For the case of  $b=0$,

$\cfrac { dL }{ db } =2\int^{\pi}_{0}{-cos(\theta)}d\theta=0$

This means for a given $a$, $b=0$ is a turning point for $L$ which is $2\pi a$, the perimeter of a circle of radius $a$.  This is a local maximum value for $L$ because,
 
$\cfrac { d^{ 2 }L }{ db^{ 2 } } =\int _{ 0 }^{ \pi  }{ \cfrac { 2a^{ 2 }sin^{ 2 }(\theta ) }{ (a^{ 2 }+b^{ 2 }-2abcos(\theta ))^{ \cfrac { 3 }{ 2 }  } }  } d\theta$

When $b=0$,

$\cfrac { d^{ 2 }L }{ db^{ 2 } } =\cfrac{2}{a}\int _{ 0 }^{ \pi  }{sin^{ 2 }(\theta ) }d\theta$

$\cfrac { d^{ 2 }L }{ db^{ 2 } } =\cfrac{1}{a}|^{\pi}_{0}\{\theta-\cfrac{1}{2}sin(2\theta)\}$

$\cfrac { d^{ 2 }L }{ db^{ 2 } } =\cfrac{\pi}{a}$

Since, $a<0$, $\cfrac { d^{ 2 }L }{ db^{ 2 } }<0$ for $b=0$, $L$ is a maxima.

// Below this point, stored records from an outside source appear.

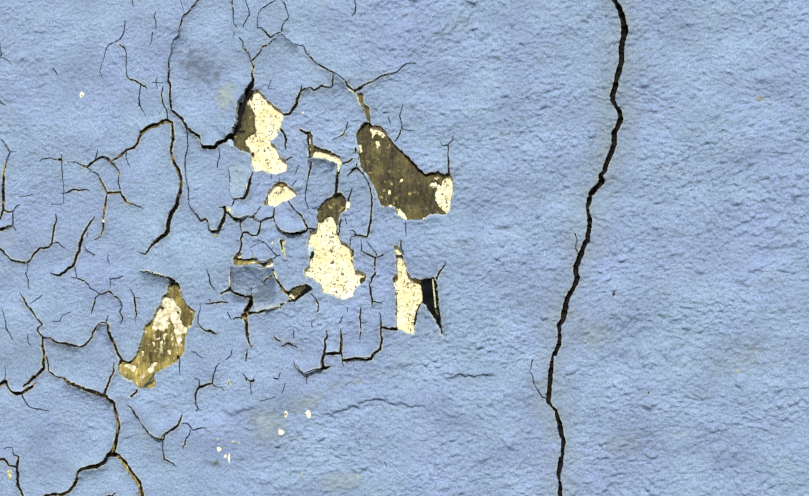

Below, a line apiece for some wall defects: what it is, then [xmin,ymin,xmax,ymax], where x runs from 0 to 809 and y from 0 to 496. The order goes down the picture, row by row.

peeling [227,89,297,207]
peeling [357,93,453,220]
crack [440,137,453,174]
peeling [118,281,195,388]
crack [0,0,416,496]
peeling [280,193,366,309]
peeling [393,246,443,334]
crack [529,0,629,496]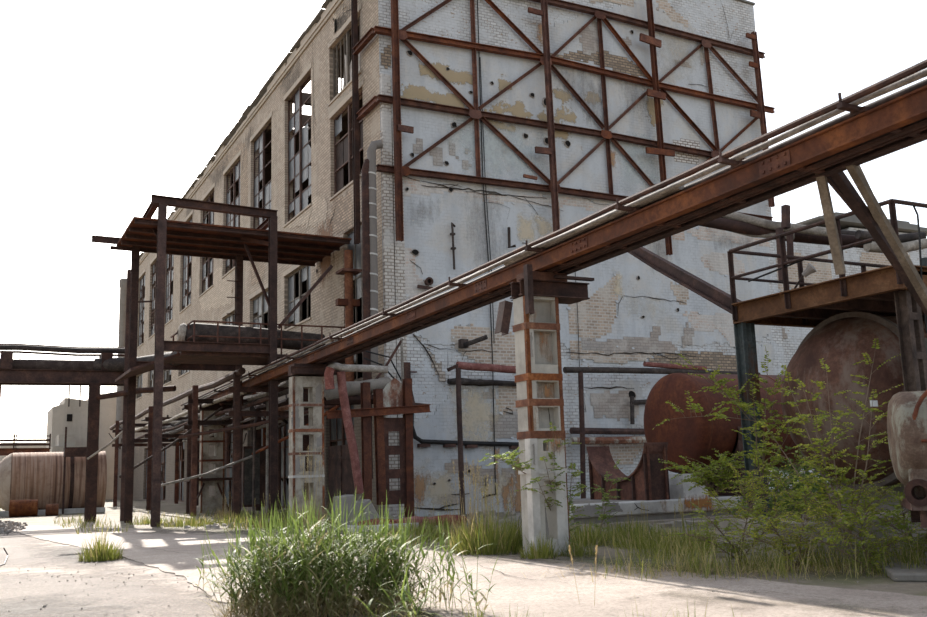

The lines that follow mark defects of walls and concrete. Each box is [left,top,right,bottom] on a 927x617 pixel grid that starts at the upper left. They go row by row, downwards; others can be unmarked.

flaking render [567,274,737,371]

When $b=|a|$, $L=8a$, when $b=0$, $L=2\pi a<8a$ and at $b=|a|$,$\cfrac{dL}{db}>0$.  This means there is at least one minimum before $b=|a|$ so that the curve turns upward again after the maximum at $b=0$.  So, there is still the possibility of satisfying the positive lift condition.  Hold the gravy.